The DC Circuit is the most important circuit court because it hears the appeals on all the most important cases emanating from the seat of our federal government. If it involves Executive Branch decisions, federal agency decisions, decisions on foreign entanglements of the US government and, notably over the last decade plus, all Guantanamo detention cases. The entire set of federal Habeas Corpus law appears to lay in the hands of the DC Circuit and Obama, through derelict neglect, has put it in the destructive hands of Janice Rogers Brown.
There were two openings on the most critical Circuit court in the country when Barack Obama took office, and he did not bother to even make a single nomination for nearly two years and, instead, waited until his huge senate majority was effectively down the crapper with the 2010 Congressional election disaster. Since that time, another seat has gone vacant on the DC Circuit, and Obama barely lifted a finger to support his sole nominee, Caitlin Halligan, whose nomination went down in flames in December.
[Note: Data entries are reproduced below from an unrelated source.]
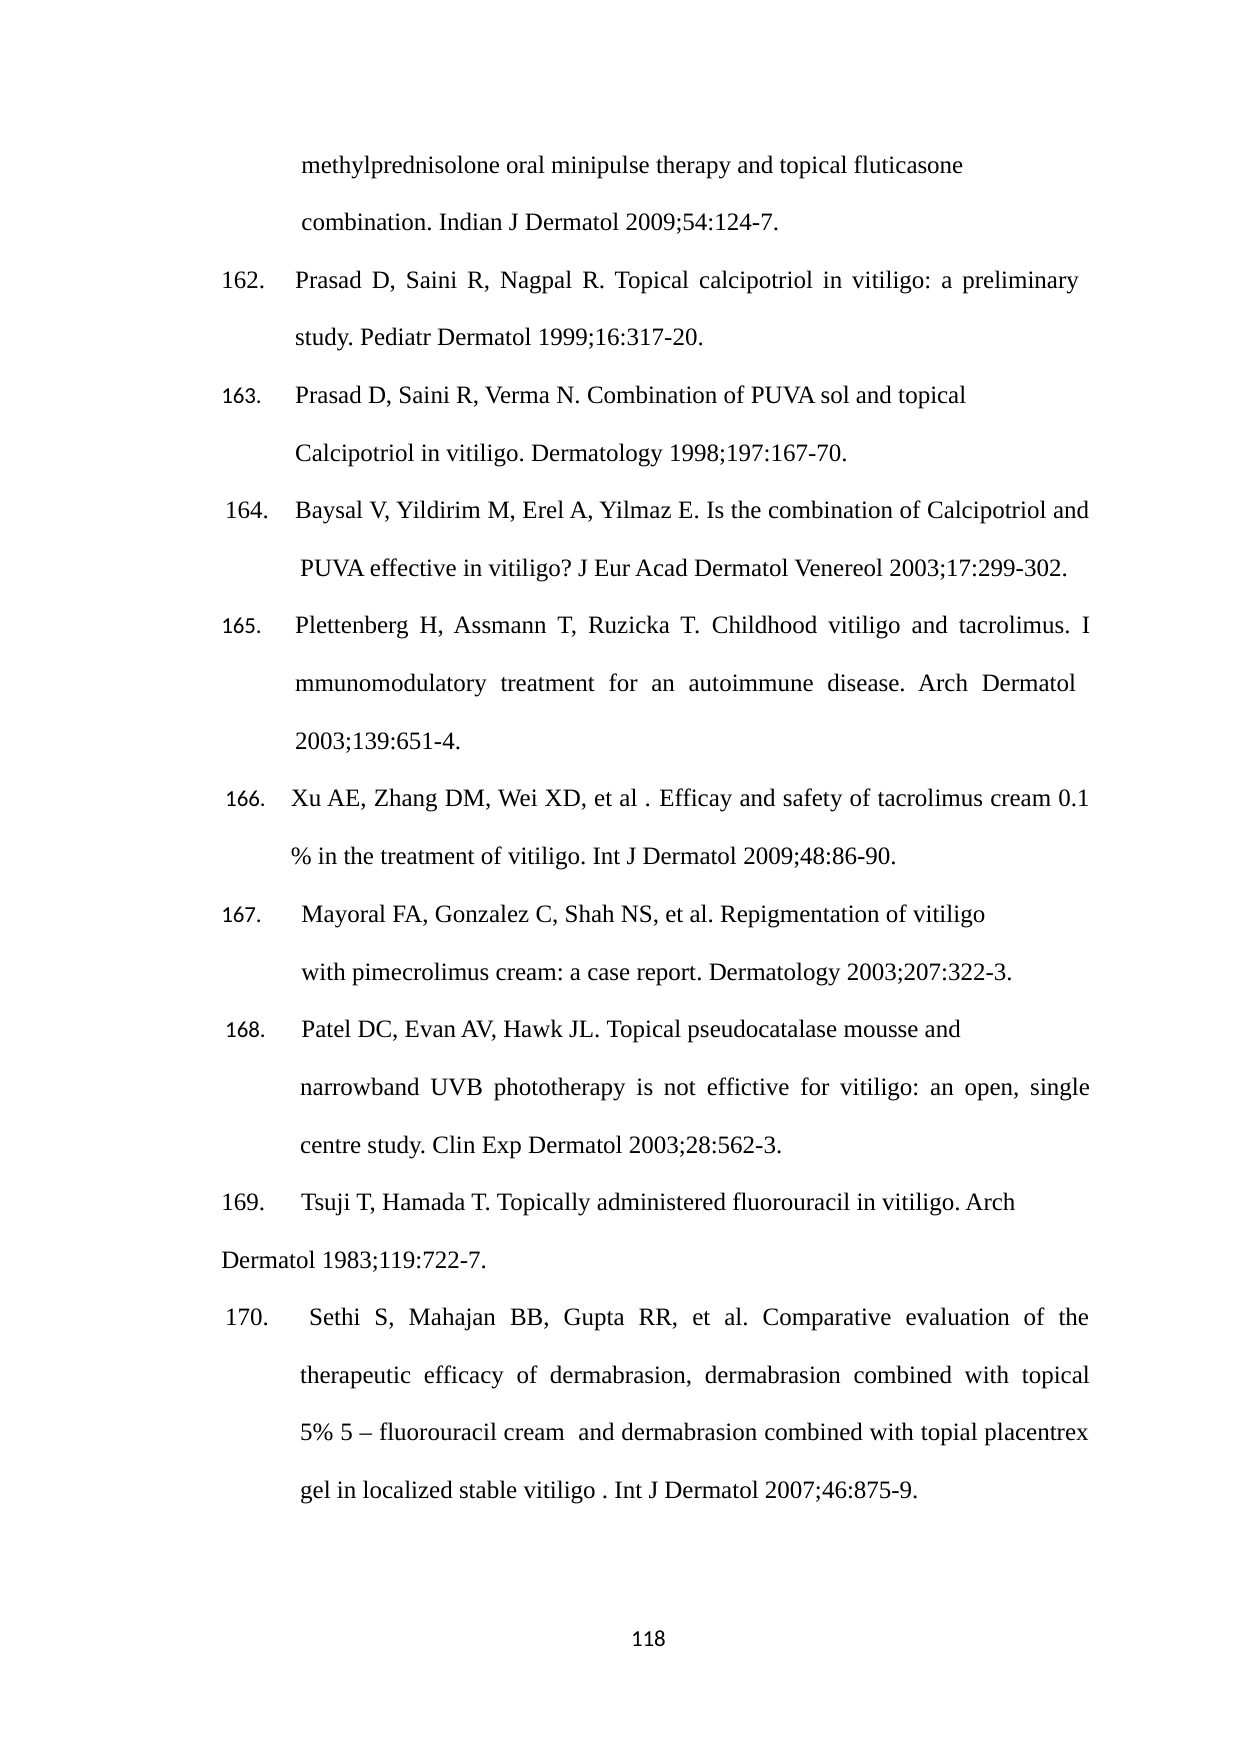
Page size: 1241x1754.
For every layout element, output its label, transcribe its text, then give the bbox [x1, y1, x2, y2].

list with pimecrolimus cream: a case report. Dermatology 2003;207:322-3. [221, 957, 1090, 986]
list combination. Indian J Dermatol 2009;54:124-7. [221, 207, 1090, 236]
list Tsuji T, Hamada T. Topically administered fluorouracil in vitiligo. Arch Dermatol 1983;119:722-7. [221, 1187, 1090, 1273]
list Xu AE, Zhang DM, Wei XD, et al . Efficay and safety of tacrolimus cream 0.1 % in the treatment of vitiligo. Int J Dermatol 2009;48:86-90. [225, 783, 1090, 870]
list Plettenberg H, Assmann T, Ruzicka T. Childhood vitiligo and tacrolimus. I mmunomodulatory treatment for an autoimmune disease. Arch Dermatol 2003;139:651-4. [221, 611, 1090, 755]
list Baysal V, Yildirim M, Erel A, Yilmaz E. Is the combination of Calcipotriol and PUVA effective in vitiligo? J Eur Acad Dermatol Venereol 2003;17:299-302. [225, 496, 1090, 582]
list Prasad D, Saini R, Verma N. Combination of PUVA sol and topical [221, 380, 1090, 409]
list Mayoral FA, Gonzalez C, Shah NS, et al. Repigmentation of vitiligo [221, 899, 1090, 928]
list Sethi S, Mahajan BB, Gupta RR, et al. Comparative evaluation of the therapeutic efficacy of dermabrasion, dermabrasion combined with topical 5% 5 – fluorouracil cream and dermabrasion combined with topial placentrex gel in localized stable vitiligo . Int J Dermatol 2007;46:875-9. [225, 1302, 1090, 1503]
list Patel DC, Evan AV, Hawk JL. Topical pseudocatalase mousse and narrowband UVB phototherapy is not effictive for vitiligo: an open, single centre study. Clin Exp Dermatol 2003;28:562-3. [225, 1014, 1090, 1158]
list methylprednisolone oral minipulse therapy and topical fluticasone [221, 150, 1090, 179]
list Calcipotriol in vitiligo. Dermatology 1998;197:167-70. [221, 438, 1090, 467]
list Prasad D, Saini R, Nagpal R. Topical calcipotriol in vitiligo: a preliminary study. Pediatr Dermatol 1999;16:317-20. [221, 265, 1090, 351]

As Biskupic reports, the Administration swears they will be making nominations any time now, but fat chance of getting any movement in an election year, and especially after pulling the nuclear recess appointment stunt for the CFPB and NLRB slots. The White House PR blather about coming DC Circuit nominations is nothing but feel good pablum for the naive at this point.
Compare and contrast the reckless malign neglect of Obama with the dogged determination and followthrough effort and success of Bush and Cheney. When Bush nominated Miguel Estrada in 2001, he had a lot smaller numbers in the Senate behind him than Obama has had at any point. The Democrats blocked Estrada. But the Bush White House and their supporters did not put their tail between their legs and hide, they made an unholy racket across the political spectrum that directly led to the confirmation of four other judges to the DC Circuit, including Janice Rogers Brown, Brett Kavanaugh and the now Chief Justice, John Roberts.
The noise and effort resulted in heavy conservative salting of the DC Circuit, and in Miguel Estrada being made a martyr for the ages that still carries powerful connotation for conservatives. But such true grit, determination and attention to judicial policy is not the stuff of Barack Obama. Liberal judicial policy will be paying the disastrous consequences for decades because of the malign neglect today. Hey, you never know, if Obama had filled the three seats on the DC Circuit, we might still have effective Habeas Corpus today.